Claire: And so having that resource 24 seven, having something, and this I will say right now, we'll never be able to completely replace a human therapist. We need that human connection. Someone that really, truly understands us that we can talk to. The reality is there might be moments where you're having a panic attack.
Claire: You might be just, you can't breathe, but we don't have a therapist on speed dial. And that's what happened for me is that there was moments where I'm like, I need help. Now, and having that resource of something to start bouncing off and re challenging our brain.
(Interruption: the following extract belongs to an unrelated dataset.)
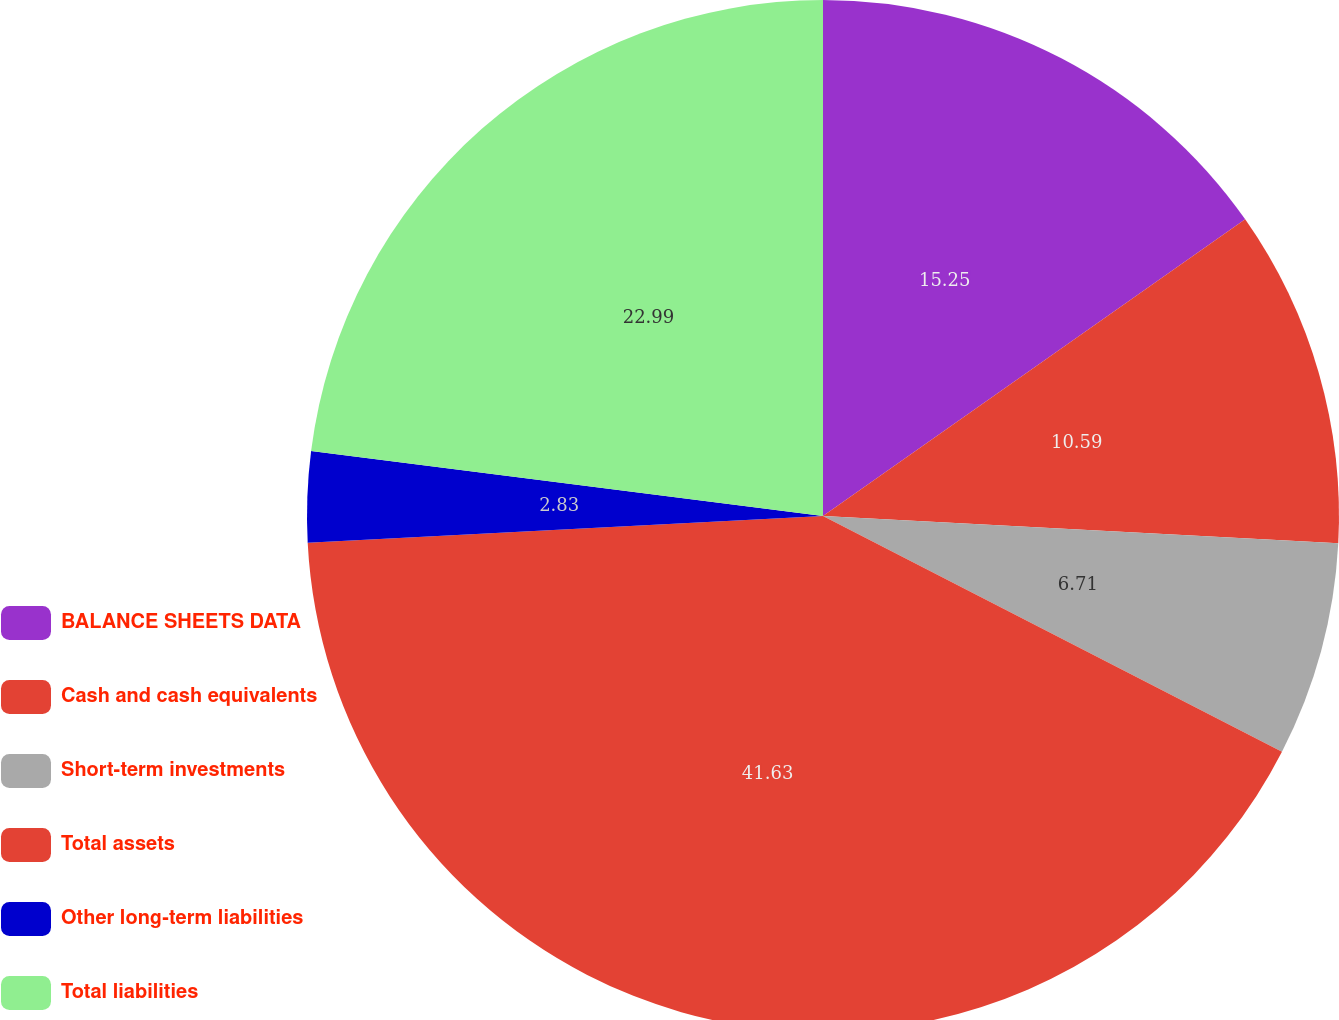Convert chart. <chart><loc_0><loc_0><loc_500><loc_500><pie_chart><fcel>BALANCE SHEETS DATA<fcel>Cash and cash equivalents<fcel>Short-term investments<fcel>Total assets<fcel>Other long-term liabilities<fcel>Total liabilities<nl><fcel>15.25%<fcel>10.59%<fcel>6.71%<fcel>41.62%<fcel>2.83%<fcel>22.99%<nl></chart>

So in these moments where we're anxious, where we feel low, where we're confused, where we don't know how to move through the space, just acknowledge how you [00:10:00] feel and map it out.
Claire: This is where I have absolutely been blown away by the prompting that I've done. And if you want, reach out. I can walk you through. I'm happy to show you who my honest conversations with chat GBT, engaging in it and using it as a therapy tool. So try it out. I'm curious. I know some people might absolutely think this is ridiculous, but
Claire: maybe it's something you just want to get a resource. Perplexity is fantastic. If you just want to go over and say, can you give me some resources, the best therapists, In my city, my town, my country that are focused on this type or for this kind of person. So use it as a resource tool for research, or it could be an accountability partner.
Claire: I believe. There's probably somebody out there and stay tuned for, or if there's a developer out there in the, in the meantime, creating a private therapy, [00:11:00] AI tool designed just for you. I can only imagine that there's a couple out there, but right now. Start just addressing the biggest question is how do you want to show up for yourself tomorrow next week and next month?
Claire: Thanks for tuning in. Have a great week. We'll see you in a couple of days.